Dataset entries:
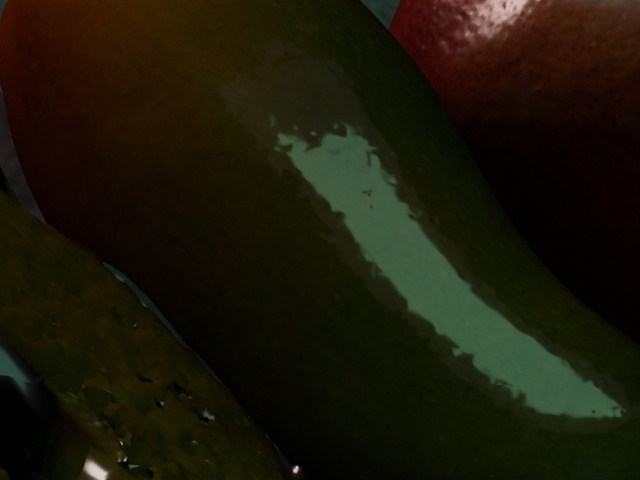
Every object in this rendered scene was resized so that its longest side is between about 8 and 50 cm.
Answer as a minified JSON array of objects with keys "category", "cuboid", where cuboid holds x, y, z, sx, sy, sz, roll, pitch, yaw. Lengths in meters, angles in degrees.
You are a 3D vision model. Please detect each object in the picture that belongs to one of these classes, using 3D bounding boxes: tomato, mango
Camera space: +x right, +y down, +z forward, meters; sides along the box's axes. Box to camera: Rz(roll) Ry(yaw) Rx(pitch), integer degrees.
[{"category":"tomato","cuboid":[0.096,-0.041,0.769,0.139,0.200,0.233,-19,51,-15]},{"category":"mango","cuboid":[-0.005,0.001,0.673,0.146,0.129,0.289,-22,62,-31]}]

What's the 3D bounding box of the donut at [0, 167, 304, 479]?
[{"category":"donut","cuboid":[-0.109,0.065,0.511,0.272,0.107,0.272,45,12,-13]}]
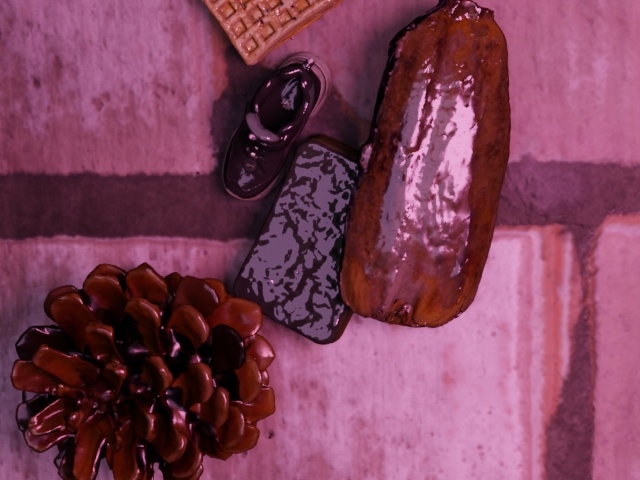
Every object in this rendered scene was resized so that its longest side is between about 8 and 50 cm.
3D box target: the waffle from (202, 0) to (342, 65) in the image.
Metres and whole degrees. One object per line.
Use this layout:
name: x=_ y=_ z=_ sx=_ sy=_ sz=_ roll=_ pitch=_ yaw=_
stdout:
waffle: x=-0.040 y=-0.258 z=1.139 sx=0.148 sy=0.042 sz=0.102 roll=-34 pitch=89 yaw=12

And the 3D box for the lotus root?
lotus root: x=0.121 y=-0.066 z=1.074 sx=0.167 sy=0.078 sz=0.329 roll=4 pitch=103 yaw=-25

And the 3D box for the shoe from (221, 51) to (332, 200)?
shoe: x=-0.053 y=-0.113 z=1.128 sx=0.071 sy=0.099 sz=0.169 roll=33 pitch=102 yaw=4

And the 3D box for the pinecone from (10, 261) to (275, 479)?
pinecone: x=-0.183 y=0.133 z=1.106 sx=0.264 sy=0.264 sz=0.264 roll=1 pitch=96 yaw=11

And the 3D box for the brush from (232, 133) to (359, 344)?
brush: x=0.000 y=0.000 z=1.149 sx=0.123 sy=0.059 sz=0.197 roll=27 pitch=99 yaw=9
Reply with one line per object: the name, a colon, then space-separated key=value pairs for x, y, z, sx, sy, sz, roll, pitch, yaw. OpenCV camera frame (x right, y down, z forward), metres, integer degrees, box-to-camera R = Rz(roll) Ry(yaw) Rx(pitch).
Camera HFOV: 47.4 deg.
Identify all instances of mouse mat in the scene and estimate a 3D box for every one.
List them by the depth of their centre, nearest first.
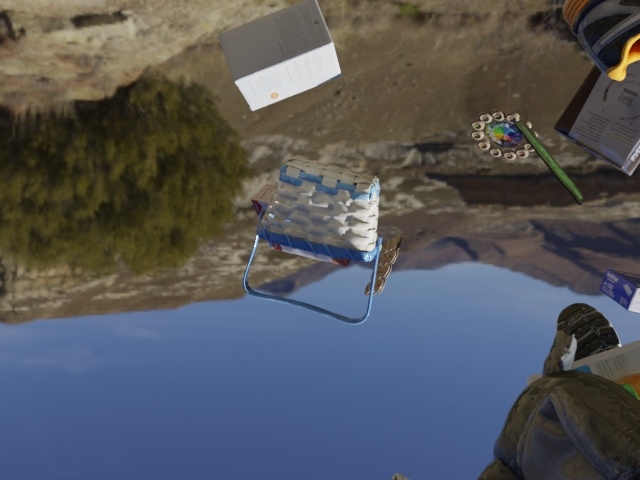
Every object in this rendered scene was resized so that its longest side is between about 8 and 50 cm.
mouse mat: x=0.422 y=-0.147 z=1.338 sx=0.007 sy=0.190 sz=0.152 roll=-38 pitch=175 yaw=23

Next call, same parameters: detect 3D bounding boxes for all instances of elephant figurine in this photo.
elephant figurine: x=0.215 y=0.167 z=0.487 sx=0.169 sy=0.186 sz=0.239 roll=-36 pitch=173 yaw=-16

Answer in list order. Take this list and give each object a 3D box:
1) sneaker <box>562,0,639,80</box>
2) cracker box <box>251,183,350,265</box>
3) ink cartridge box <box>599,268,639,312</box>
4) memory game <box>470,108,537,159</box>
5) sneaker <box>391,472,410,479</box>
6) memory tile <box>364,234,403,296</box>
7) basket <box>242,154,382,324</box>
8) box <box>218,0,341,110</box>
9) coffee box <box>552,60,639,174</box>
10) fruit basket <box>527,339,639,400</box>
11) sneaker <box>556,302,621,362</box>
sneaker: x=0.315 y=-0.194 z=0.593 sx=0.214 sy=0.083 sz=0.084 roll=-17 pitch=159 yaw=17
cracker box: x=-0.036 y=-0.037 z=1.693 sx=0.232 sy=0.156 sz=0.067 roll=13 pitch=-132 yaw=35
ink cartridge box: x=0.605 y=0.103 z=1.266 sx=0.207 sy=0.046 sz=0.097 roll=12 pitch=-165 yaw=-12
memory game: x=0.486 y=-0.279 z=1.938 sx=0.186 sy=0.012 sz=0.186 roll=21 pitch=151 yaw=12
sneaker: x=0.150 y=0.567 z=1.564 sx=0.152 sy=0.061 sz=0.054 roll=-47 pitch=-179 yaw=-44
memory tile: x=0.147 y=0.059 z=1.697 sx=0.012 sy=0.148 sz=0.113 roll=27 pitch=167 yaw=-10
basket: x=0.000 y=0.000 z=1.389 sx=0.254 sy=0.289 sz=0.201 roll=16 pitch=-169 yaw=4
box: x=-0.064 y=-0.306 z=1.211 sx=0.170 sy=0.091 sz=0.130 roll=-20 pitch=167 yaw=3
coffee box: x=0.403 y=-0.211 z=0.887 sx=0.098 sy=0.247 sz=0.141 roll=37 pitch=-164 yaw=22
fruit basket: x=0.498 y=0.281 z=0.960 sx=0.352 sy=0.327 sz=0.165 roll=-19 pitch=164 yaw=6
sneaker: x=0.613 y=0.292 z=1.576 sx=0.129 sy=0.330 sz=0.147 roll=-27 pitch=163 yaw=12
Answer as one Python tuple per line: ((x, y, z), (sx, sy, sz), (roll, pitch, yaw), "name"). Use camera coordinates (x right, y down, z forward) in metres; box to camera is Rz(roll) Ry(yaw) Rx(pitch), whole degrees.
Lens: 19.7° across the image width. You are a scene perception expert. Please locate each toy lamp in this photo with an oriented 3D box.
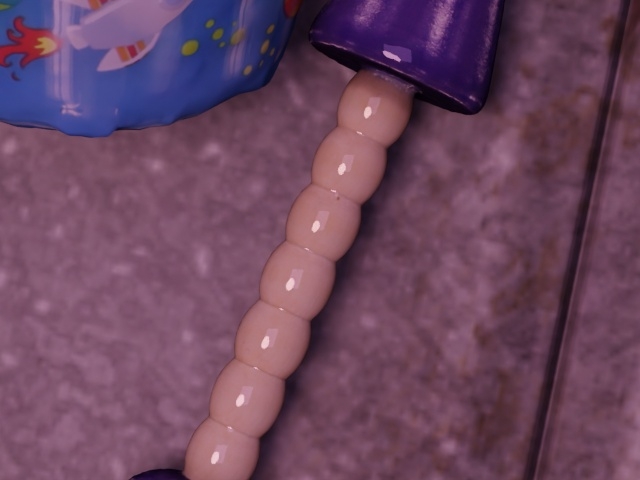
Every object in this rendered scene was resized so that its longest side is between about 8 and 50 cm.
((0.000, 0.000, 0.736), (0.080, 0.080, 0.274), (24, 92, 5), "toy lamp")

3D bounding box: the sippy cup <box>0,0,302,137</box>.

§ **Goal of the exercise**: Your whole answer should be one number, the count of lines in the records that hold "each".

§ **Solution to the exercise**: 3